Isn’t environmentalism just a form of nature-worship Christians should avoid?

Some versions of secular environmentalism do slide into treating nature itself as sacred or self-existent, and Christians rightly reject that—Romans 1:25 warns against worshipping “the creature rather than the Creator.” But rejecting nature-worship isn’t the same as rejecting nature-care. You can hold that creation isn’t divine while still holding that it belongs to Someone who is, and that you’re accountable for how you treat His property.

If the earth will be renewed or replaced eventually, why does present-day care matter at all?

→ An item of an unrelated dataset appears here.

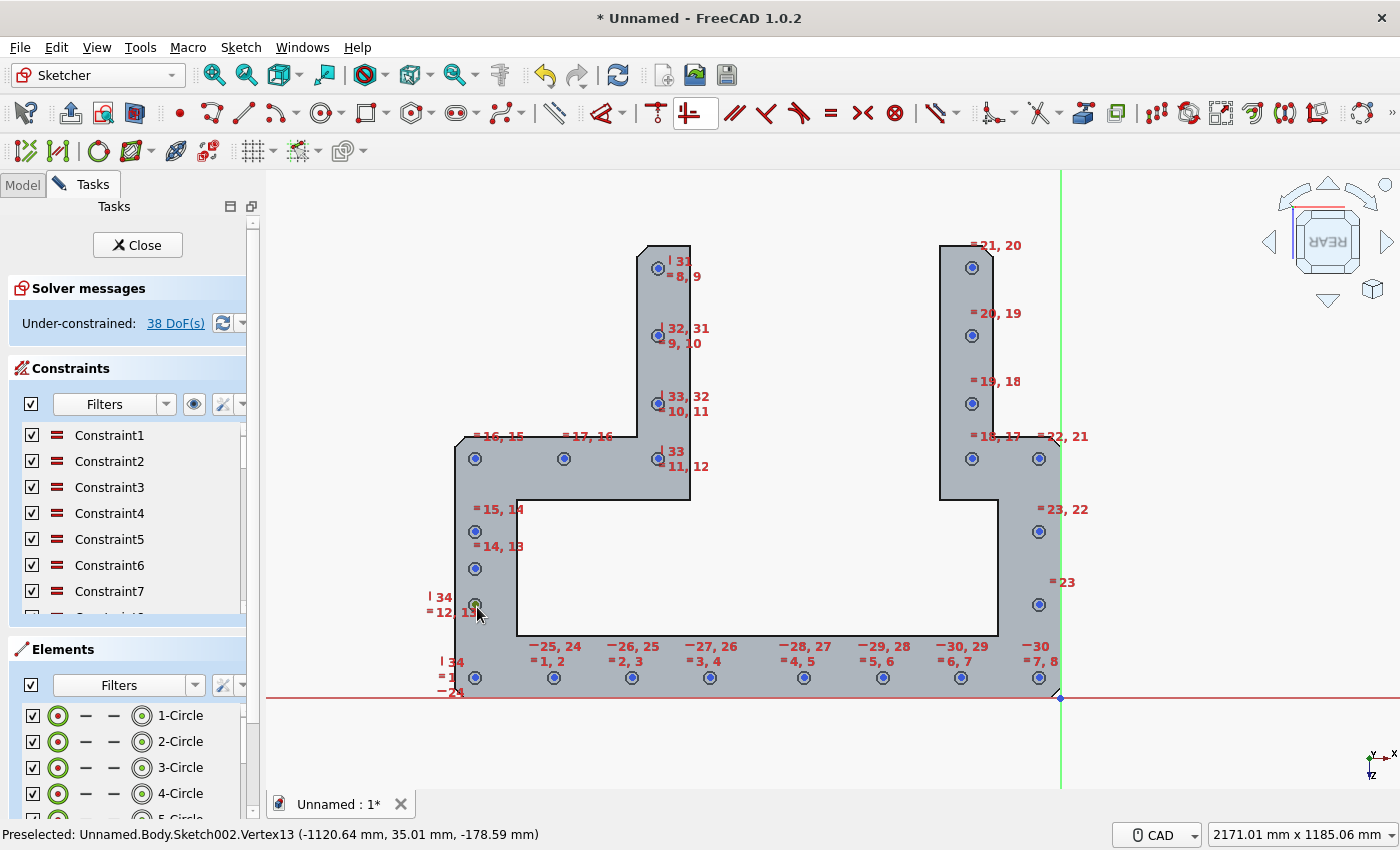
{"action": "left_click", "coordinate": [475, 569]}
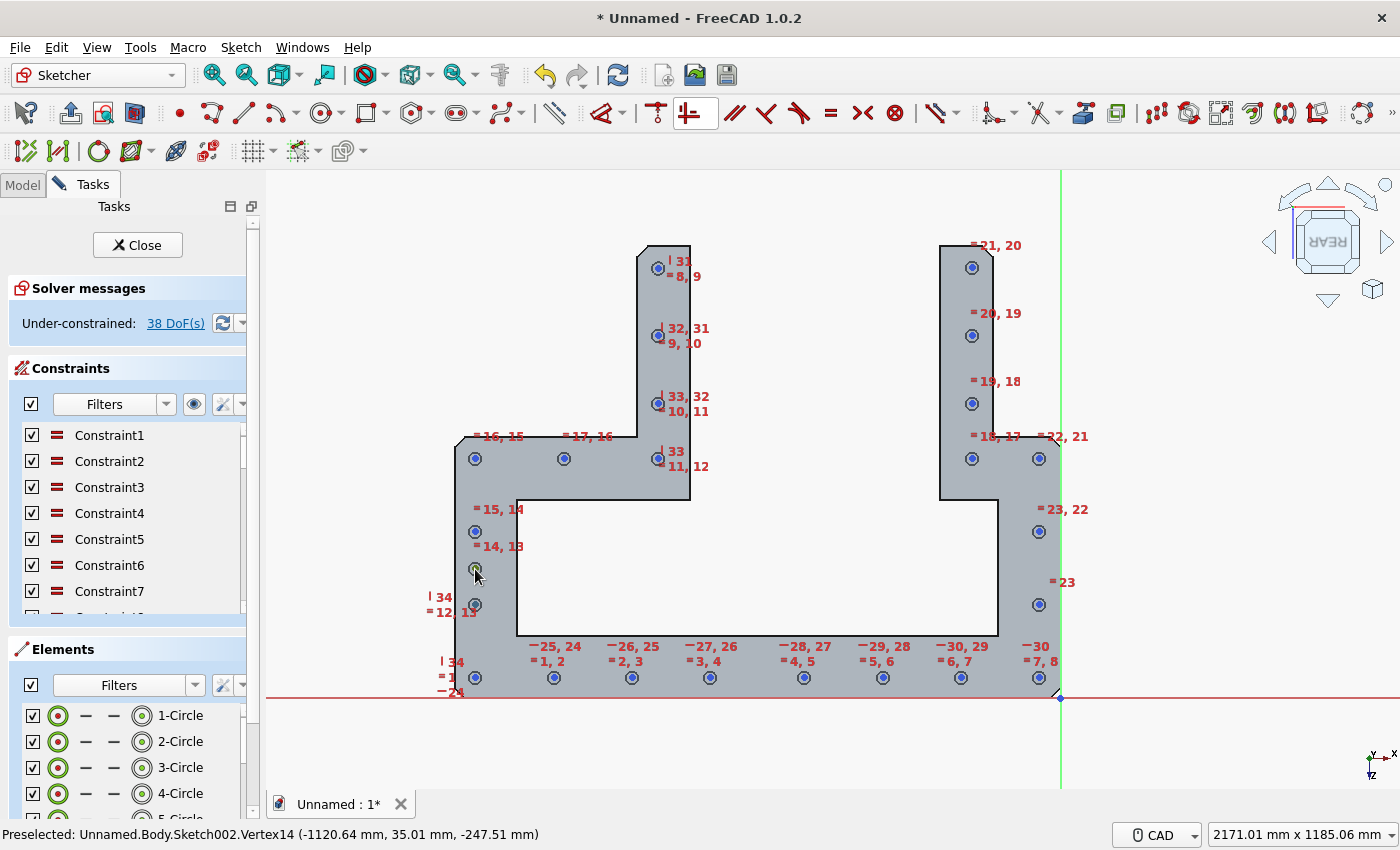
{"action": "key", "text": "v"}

Because Scripture consistently describes renewal, not replacement from nothing (Romans 8:21, Revelation 21:1-5), and because faithfulness in small, present things is itself the biblical pattern (Luke 16:10—“whoever is faithful in a very little is faithful also in much”). Present stewardship isn’t pointless busywork before an unrelated ending; it’s participation in the same story that ends in restoration.

Does the Bible tell Christians which specific environmental policies to support?

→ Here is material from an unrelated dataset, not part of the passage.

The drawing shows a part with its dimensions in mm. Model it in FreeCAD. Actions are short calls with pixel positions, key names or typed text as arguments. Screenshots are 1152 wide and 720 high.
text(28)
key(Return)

No, and that’s worth saying plainly. Scripture gives principles—stewardship, restraint, sabbath-rest for the land, care for animals, accountability to God for how creation is treated—not a position on any particular modern policy debate. Faithful Christians can and do disagree on specific climate or conservation policy while sharing full agreement on the underlying biblical mandate.

Is caring about the environment a distraction from preaching the gospel?

It doesn’t have to be either/or. Stewardship of creation was a creation-order mandate given before the fall and never rescinded—it sits alongside gospel proclamation as a facet of faithful obedience, not competition for it. A Christian who cares for creation while remaining silent about Christ has missed something essential; so has a Christian who preaches Christ while treating His creation with contempt.